While the arguments I will propose will be focused specifically on the parallel reduction and scans offered by OpenCL C since OpenCL 2.0, the fundamental idea applies in a much more general context: it is more important for a language or library to provide the building blocks on which to build certain high-level features than to expose the high-level features themselves (hiding the underlying building blocks).

For example, the same kind of argument would apply to a language or library that aimed at providing support for Interval Analysis (IA). A fundamental computational aspect which is required for proper IA support is directed rounding: just exposing directed rounding would be enough to allow efficient (custom) implementations of IA, and also allow other numerical feats (as discussed here); conversely, while it's possible to provide support for IA without exposing the underlying required directed rounding features, doing so results in an inefficient, inflexible standard1.

The case against high-level reduction operations

To clarify, I'm not actually against the presence of high-level reduction and scan functions in OpenCL. They are definitely a very practical and useful set of functions, with the potential of very efficient implementations by vendors —in fact, more efficient than any programmer may achieve, not just because they can be tuned (by the vendor) for the specific hardware, but also because they can in fact be implemented making use of hardware capabilities that are not exposed in the standard nor via extensions.

The problem is that the set of available functions is very limited (and must be so), and as soon as a developer needs a reduction or scan function that is even slightly different from the ones offered by the language, it suddenly becomes impossible for such a reduction or scan to be implemented with the same efficiency of the built-in ones, simply because the underlying hardware capabilities (necessary for the optimal implementation) are not available to the developer.
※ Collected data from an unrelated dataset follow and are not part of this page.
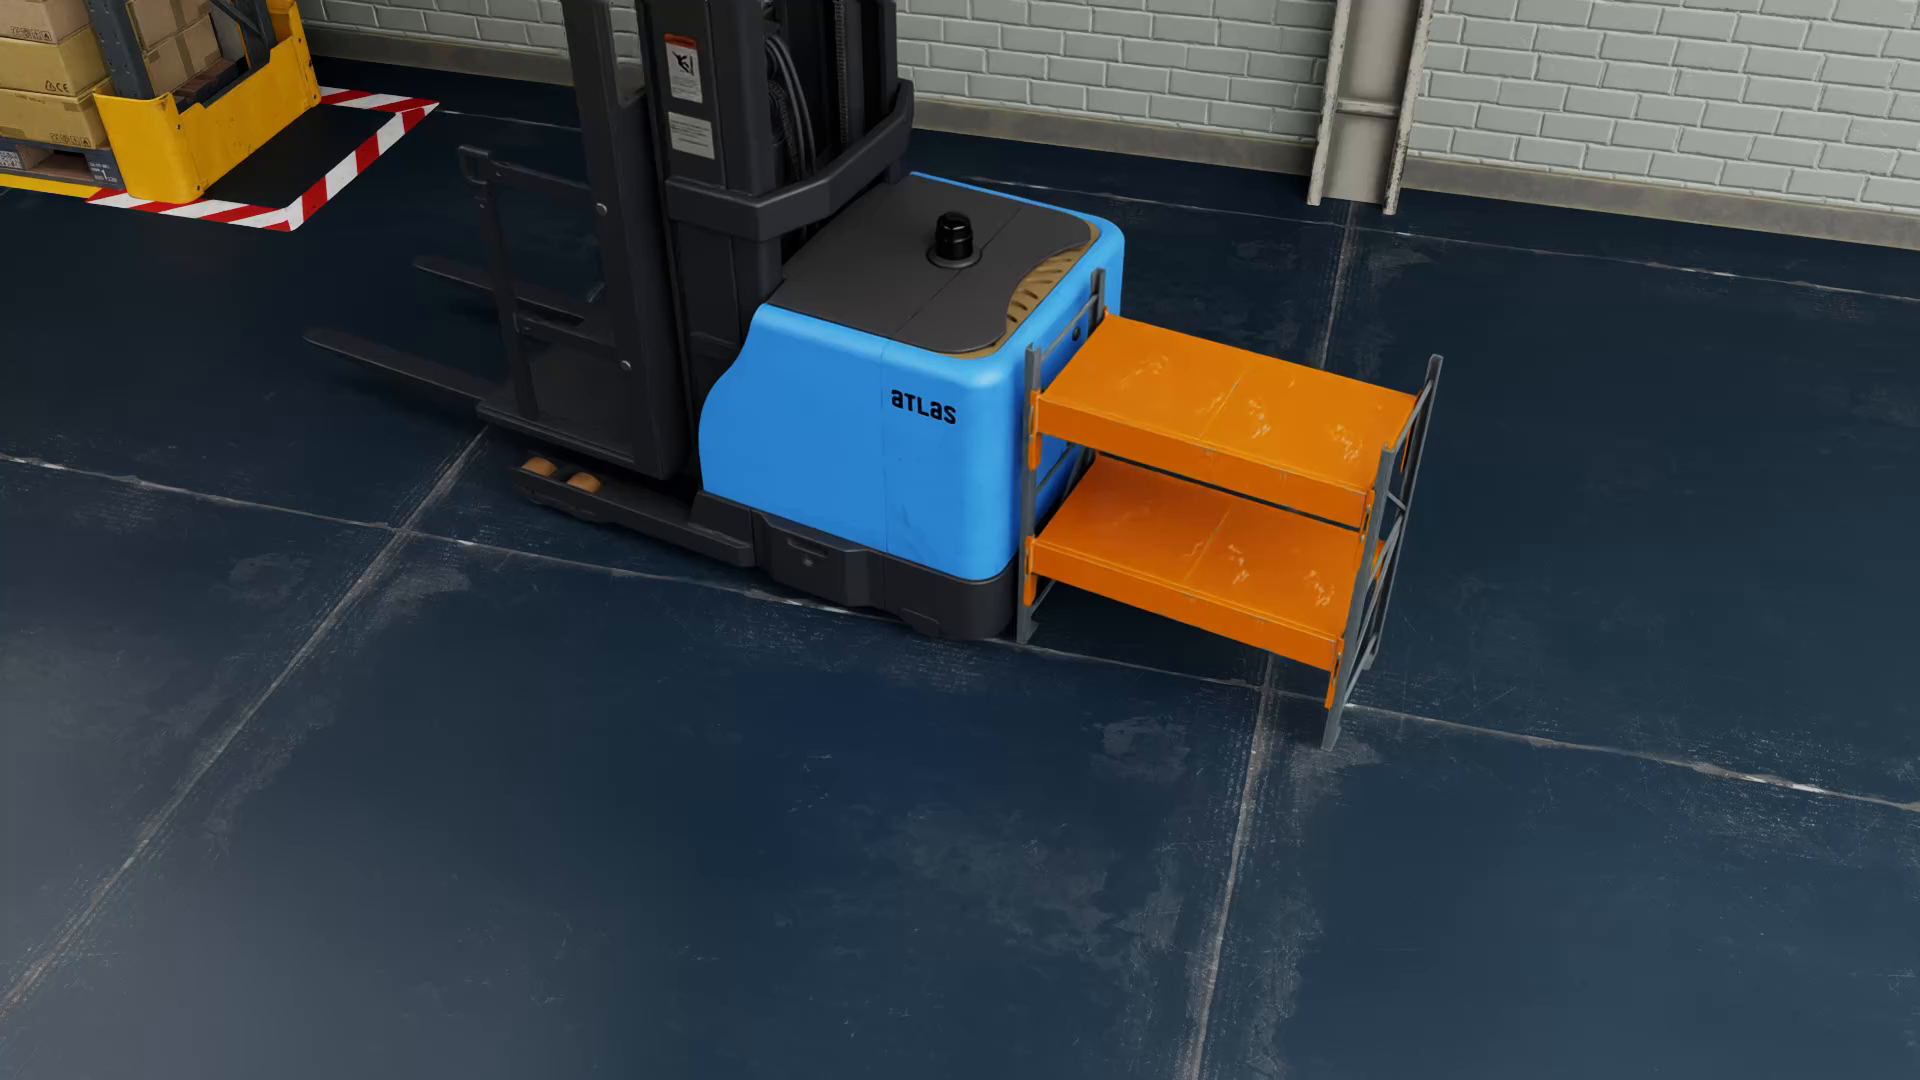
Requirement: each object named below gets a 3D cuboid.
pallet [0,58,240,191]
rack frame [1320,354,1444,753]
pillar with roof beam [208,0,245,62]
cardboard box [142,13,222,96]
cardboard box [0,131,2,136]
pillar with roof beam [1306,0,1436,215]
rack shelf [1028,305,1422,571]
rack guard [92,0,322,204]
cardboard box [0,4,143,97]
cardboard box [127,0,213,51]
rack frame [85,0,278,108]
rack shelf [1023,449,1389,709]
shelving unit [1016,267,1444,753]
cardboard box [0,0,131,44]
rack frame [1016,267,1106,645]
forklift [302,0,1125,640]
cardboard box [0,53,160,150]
[{"bbox_3d":[-4.298,-2.096,8.082,1.213,0.211,1.003,10,41,11],"label":"pallet"},{"bbox_3d":[1.212,0.060,4.804,0.032,1.125,0.500,18,43,21],"label":"rack frame"},{"bbox_3d":[-5.100,-3.361,2.755,0.400,9.000,9.100,10,41,11],"label":"pillar with roof beam"},{"bbox_3d":[-3.972,-2.374,8.056,0.500,0.250,0.500,10,41,12],"label":"cardboard box"},{"bbox_3d":[-4.562,-2.141,7.779,0.500,0.250,0.500,10,41,11],"label":"cardboard box"},{"bbox_3d":[0.696,-2.364,1.568,0.400,9.000,9.100,10,41,11],"label":"pillar with roof beam"},{"bbox_3d":[0.761,-0.314,4.794,1.000,0.278,0.538,18,43,21],"label":"rack shelf"},{"bbox_3d":[-3.525,-2.102,7.864,0.348,0.500,1.175,10,41,11],"label":"rack guard"},{"bbox_3d":[-4.099,-2.249,7.518,0.500,0.250,0.500,9,41,11],"label":"cardboard box"},{"bbox_3d":[-3.949,-2.570,7.900,0.500,0.250,0.500,10,41,12],"label":"cardboard box"},{"bbox_3d":[-3.548,-3.063,7.065,0.127,3.000,1.000,10,41,11],"label":"rack frame"},{"bbox_3d":[0.761,0.097,5.140,1.000,0.278,0.538,18,43,21],"label":"rack shelf"},{"bbox_3d":[0.761,-0.090,4.982,1.048,1.125,0.538,18,43,21],"label":"shelving unit"},{"bbox_3d":[-4.074,-2.437,7.353,0.500,0.250,0.500,11,41,13],"label":"cardboard box"},{"bbox_3d":[0.309,-0.240,5.161,0.032,1.125,0.500,18,43,21],"label":"rack frame"},{"bbox_3d":[-1.010,-1.473,5.225,3.031,2.935,1.130,18,43,21],"label":"forklift"},{"bbox_3d":[-4.084,-2.053,7.673,0.500,0.250,0.500,10,41,12],"label":"cardboard box"}]

Thrust and Kahan summation

Interesting enough, I've hit a similar issue while working on a different code base, which makes use of CUDA rather than OpenCL, and for which we rely on the thrust library for the most common reduction operations.

The thrust library is a C++ template library that provides efficient CUDA implementations of a variety of common parallel programming paradigms, and is flexible enough to allow such paradigms to make use of user-defined operators, allowing for example reductions and scans with operators other than summation, minimum and maximum. Despite this flexibility, however, even the thrust library cannot move (easily) beyond stateless reduction operators, so that, for example, one cannot trivially implement a parallel reduction with Kahan summation using only the high-level features offered by thrust.
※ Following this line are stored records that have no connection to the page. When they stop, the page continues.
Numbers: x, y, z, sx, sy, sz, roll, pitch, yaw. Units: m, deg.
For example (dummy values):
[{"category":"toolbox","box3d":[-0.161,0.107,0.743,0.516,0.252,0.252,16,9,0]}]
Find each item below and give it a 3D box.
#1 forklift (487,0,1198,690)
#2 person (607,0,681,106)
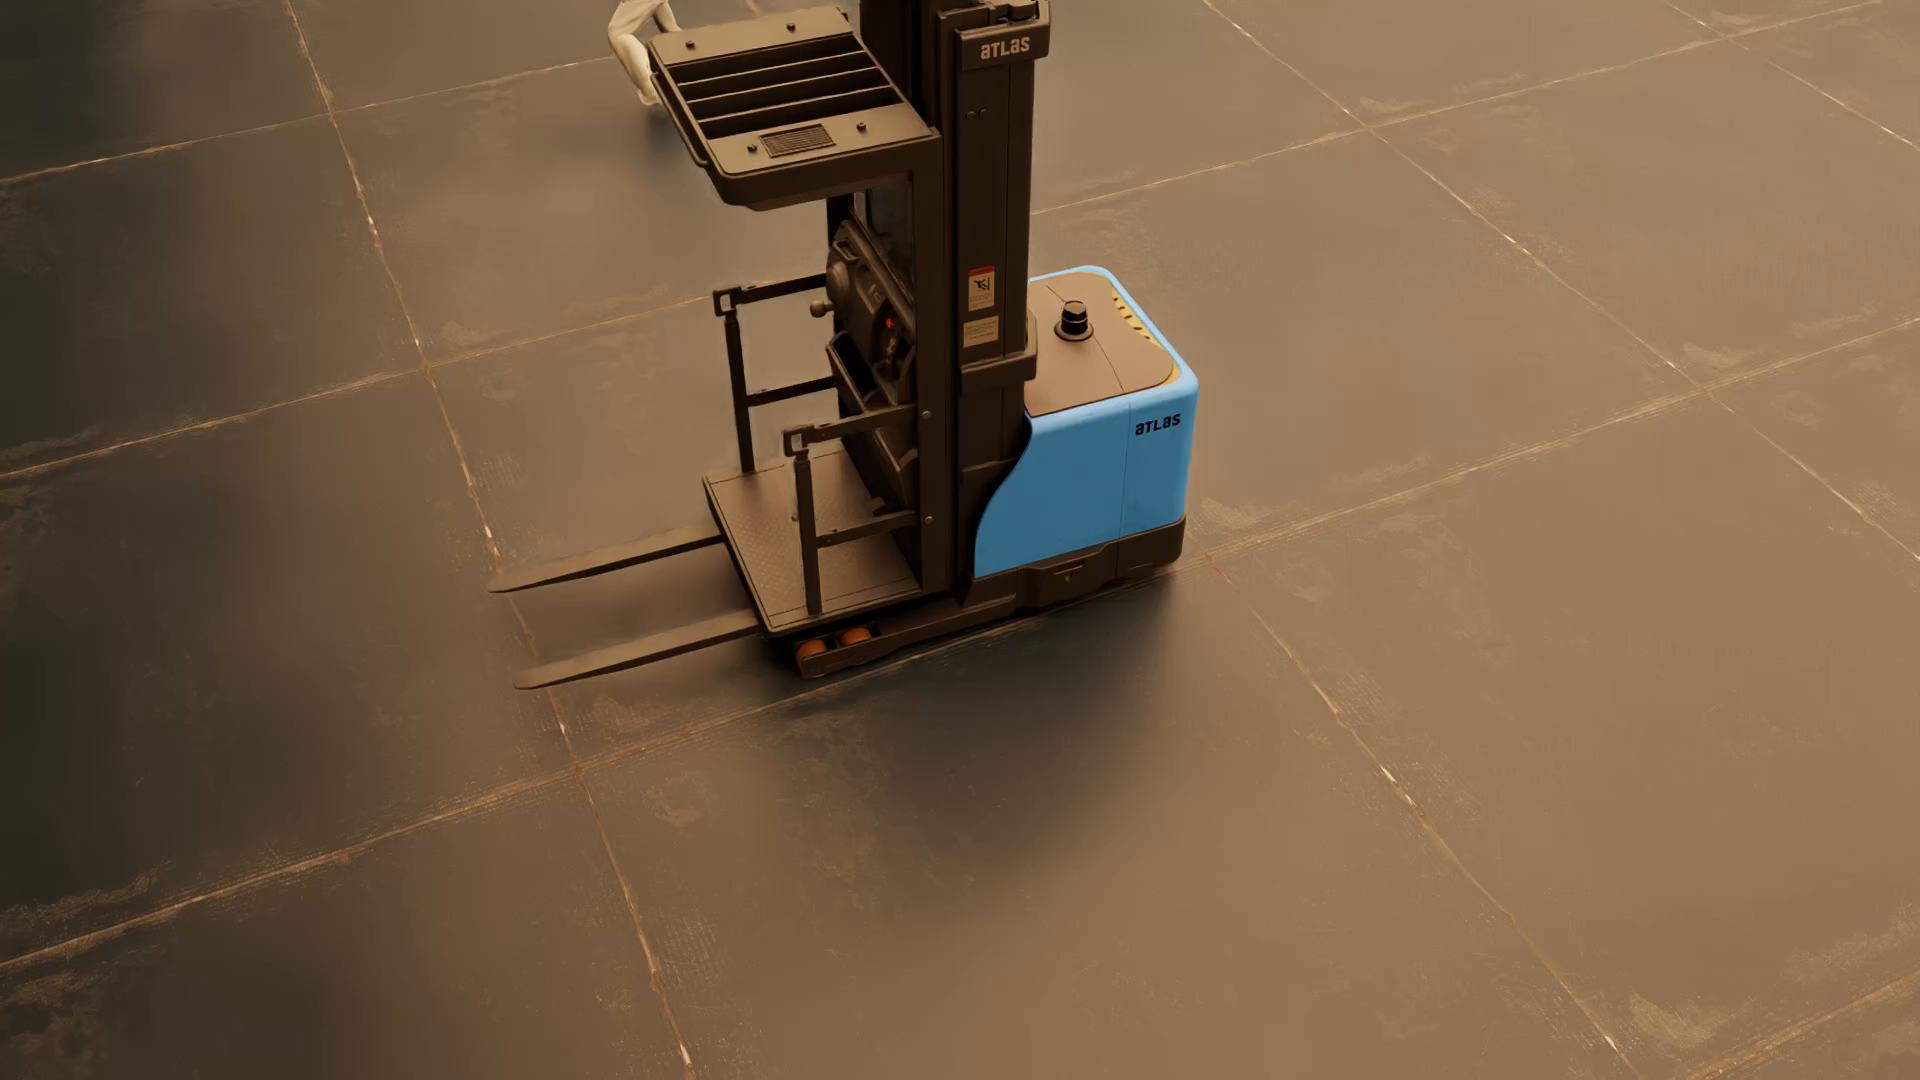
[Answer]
[{"category":"forklift","box3d":[-0.547,-0.888,6.632,3.031,2.935,1.130,-15,45,-16]},{"category":"person","box3d":[-1.937,-3.607,10.632,0.541,1.581,1.083,13,45,14]}]

Of course, this is not a problem per se, since ultimately thrust just compiles to plain CUDA code, and it is possible to write such code by hand, thus achieving a Kahan summation parallel reduction, as efficiently as the developer's prowess allows. (And since CUDA exposes most if not all hardware intrinsics, such a hand-made implementation can in fact be as efficient as possible on any given CUDA-capable hardware.)

Local parallel reductions in OpenCL 2.0

The situation in OpenCL is sadly much worse, and not so much due to the lack of a high-level library such as thrust (to which end one may consider the Bolt library instead), but because the language itself is missing the fundamental building blocks to produce the most efficient reductions: and while it does offer built-ins for the most common operations, anything beyond that must be implemented by hand, and cannot be implemented as efficiently as the hardware allows.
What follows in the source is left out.